4. The method for optimizing the voltage stability of a DC charging pile according to claim 3, characterized in that: In step S2, the operating condition classification model is constructed using a decision tree algorithm, with grid voltage fluctuation, battery equivalent internal resistance change rate, and output power adjustment amplitude as feature parameters.

5. The method for optimizing the voltage stability of a DC charging pile according to claim 4, characterized in that: In step S3, the dynamic adjustment of the PID parameters adopts fuzzy control rules. The voltage deviation and the rate of change of deviation are used as input quantities. Combined with the operating condition type, the adjustment amount of the PID parameters is output through fuzzy inference to perform continuous and smooth adjustment of the parameters.
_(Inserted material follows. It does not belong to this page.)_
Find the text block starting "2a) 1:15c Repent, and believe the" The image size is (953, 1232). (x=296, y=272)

6. The method for optimizing the voltage stability of a DC charging pile according to claim 5, characterized in that: In step S4, the switchable filter unit includes a high-frequency filter branch and a low-frequency filter branch. The filter branch is automatically switched based on the collected voltage ripple frequency: the high-frequency filter branch is activated when the ripple frequency is ≥1kHz, and the low-frequency filter branch is activated when the ripple frequency is <1kHz. At the same time, the filter capacitor and inductor parameters are dynamically adjusted.
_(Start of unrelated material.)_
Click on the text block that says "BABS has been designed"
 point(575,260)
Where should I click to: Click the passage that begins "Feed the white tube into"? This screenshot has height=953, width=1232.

7. The method for optimizing the voltage stability of a DC charging pile according to claim 6, characterized in that: In step S4, the impedance matching unit detects the output impedance and the battery's equivalent internal resistance in real time through a controllable reactor and a variable resistor network, and adjusts its own impedance value to maintain the ratio of the output impedance to the battery's equivalent internal resistance between 0.8 and 1.

2.

8. A DC charging pile voltage stability optimization system, characterized in that: It includes a multi-dimensional operating condition information acquisition module, a dynamic operating condition classification and threshold determination module, an adaptive PID control module, an output-side dynamic optimization module, and a closed-loop feedback iteration module; The multi-dimensional operating condition information acquisition module collects input power grid parameters, output electrical parameters, and power battery status parameters in real time through a multi-sensor array. It uses an algorithm combining Kalman filtering and moving average filtering to reduce noise and eliminate interference signals. The dynamic operating condition classification and threshold determination module constructs a model based on noise reduction data using a decision tree algorithm. It uses grid voltage fluctuation, battery equivalent internal resistance change rate, and output power adjustment amplitude as features to classify the charging process into four types of operating conditions, preset corresponding voltage stability thresholds, and determine in real time whether the operating condition and voltage exceed the limit. If the limit is exceeded, optimization is triggered. The adaptive PID control module is based on the operating condition classification results, adopts fuzzy control rules, takes voltage deviation and deviation change rate as input, and dynamically and smoothly adjusts PID parameters according to the operating conditions. The output-side dynamic optimization module includes a switchable filter unit and an impedance matching unit. The switchable filter unit automatically switches between high and low frequency branches and adjusts parameters according to the voltage ripple frequency. The impedance matching unit matches the output impedance and the battery's equivalent internal resistance in real time, keeping their ratio between 0.8 and 1.2, thus forming a dual optimization with the adaptive PID control. The closed-loop feedback iteration module constructs a closed-loop circuit using the deviation between the actual output voltage and the preset threshold as the feedback signal. It evaluates the optimization effect every 10ms, iteratively adjusts the parameters until the voltage stabilizes, and records the optimal parameter combination to build a database.